Knee Effusion: Fluid or Water on the Knee

What is Effusion of the Knee?

Learn about knee effusion fluid on the knee, causes, and treatment

To put it simply, effusion of the knee is the escape of fluid into the tissue. This occurs when excess fluid accumulates in or around the knee joint. A small amount of fluid naturally exists in normal joints, but when a joint is affected by arthritis, for example, abnormal amounts of fluid can build up causing the knee to become swollen around the top, outside and below your knee. 

photo of a horse with knee effusion from arthritis

In the photo above, you can clearly see a horse that is affected by effusion of the knee. A horse's knee functions in a similar way to humans, which explains why the condition on a human looks the same as it does on a horse. This particular horse suffers from arthritis, causing effusion of its knee.

Water on the Knee vs. Bursitis: What's the difference?

It’s unclear what the difference between water on the knee, or effusion, and knee bursitis is, but we’ve uncovered why: they’re both the same thing. There is no difference between water on the knee and knee bursitis.

Knee bursitis is specifically explained as the inflammation of a small fluid-filled sac situated near your knee joint and around the kneecap.  A bursa is the small sac that retains the fluid. The fluid that fills the bursa is called synovial fluid.

Other names for water on the knee:

  1. Effusion
  2. Knee Bursitis
  3. Prepatellar Bursitis
  4. Swelling of the knee

Water on the Knee vs. Swelling of the Knee: What is the difference?
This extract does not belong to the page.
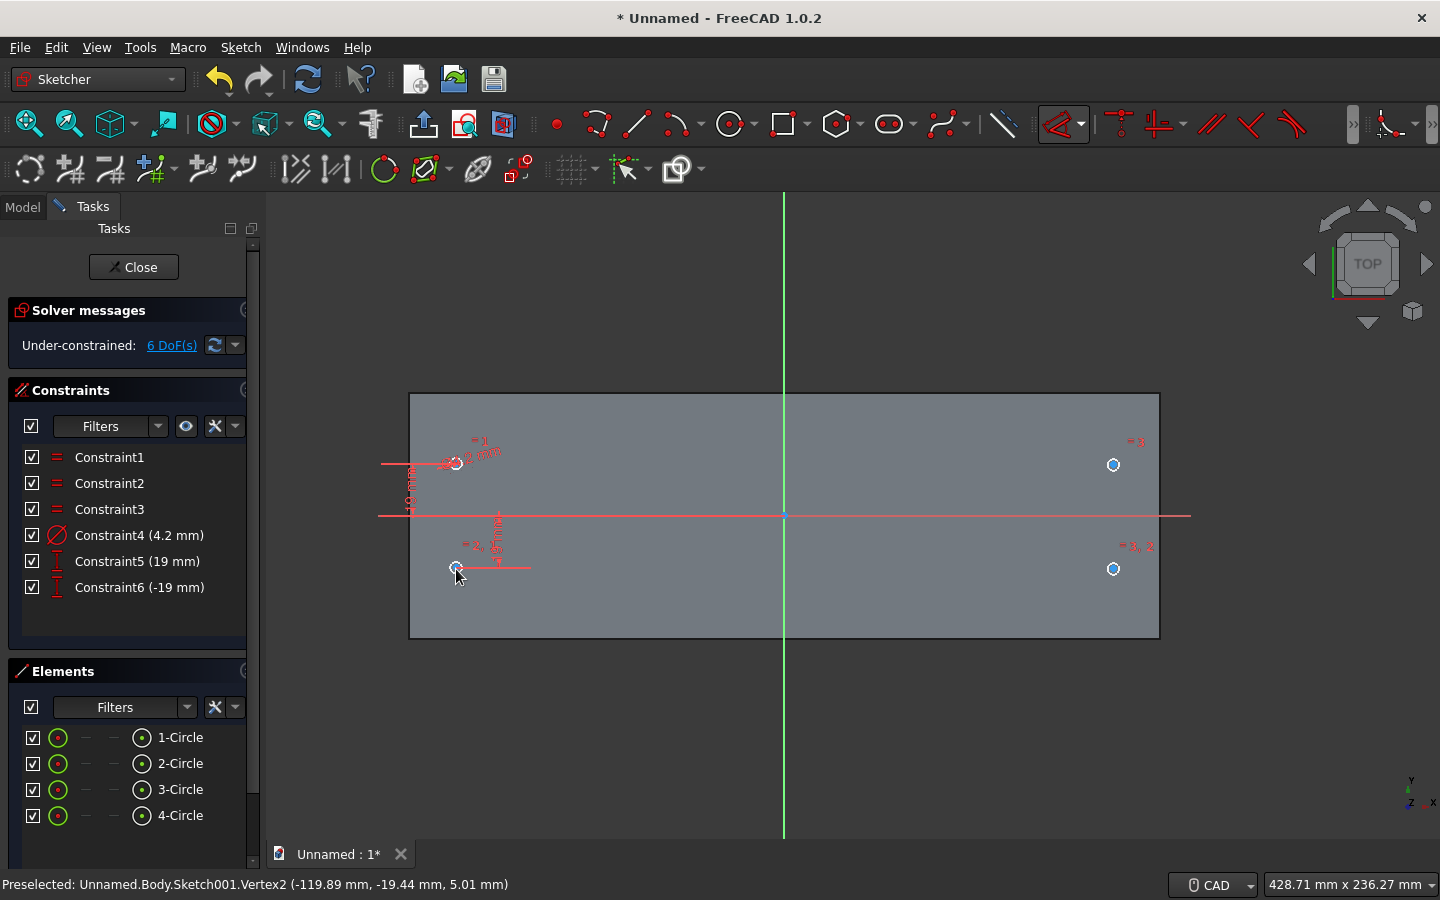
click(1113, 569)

There are two different types of swelling: edema and effusion. Edema is swelling that occurs primarily in the soft tissues of the body. Effusion is swelling or fluid in the joint space. So really, there is no difference between water on the knee and swelling of the knee. Effusion is just a specific type of swelling.

Symptoms of Effusion:

  • Swelling and redness of the skin
  • Joint stiffness
  • Difficulty straightening leg
  • Pain and tenderness
  • Knee is warm/hot to the touch
  • Fluid build up
  • Knee is large and puffy

What causes fluid on the knee?

The two main causes of effusion of the knee:

  1. Arthritis

    Arthritis is inflammation of one or more of your joints. There are actually over one hundred different forms of arthritis. The symptoms typically include pain, swelling, and stiffness.

  2. Injury to ligament

    An injury to your ligament can occur in many different ways. Ligaments in your knees include the anterior cruciate ligament (ACL), the posterior cruciate ligament (PCL), the lateral collateral ligament (LCL), and the medial collateral ligament (MCL). This can occur while on a run or other strenuous activities. The symptoms typically include pain, a loud pop, swelling, looseness in the joint, and inability to bear weight without pain.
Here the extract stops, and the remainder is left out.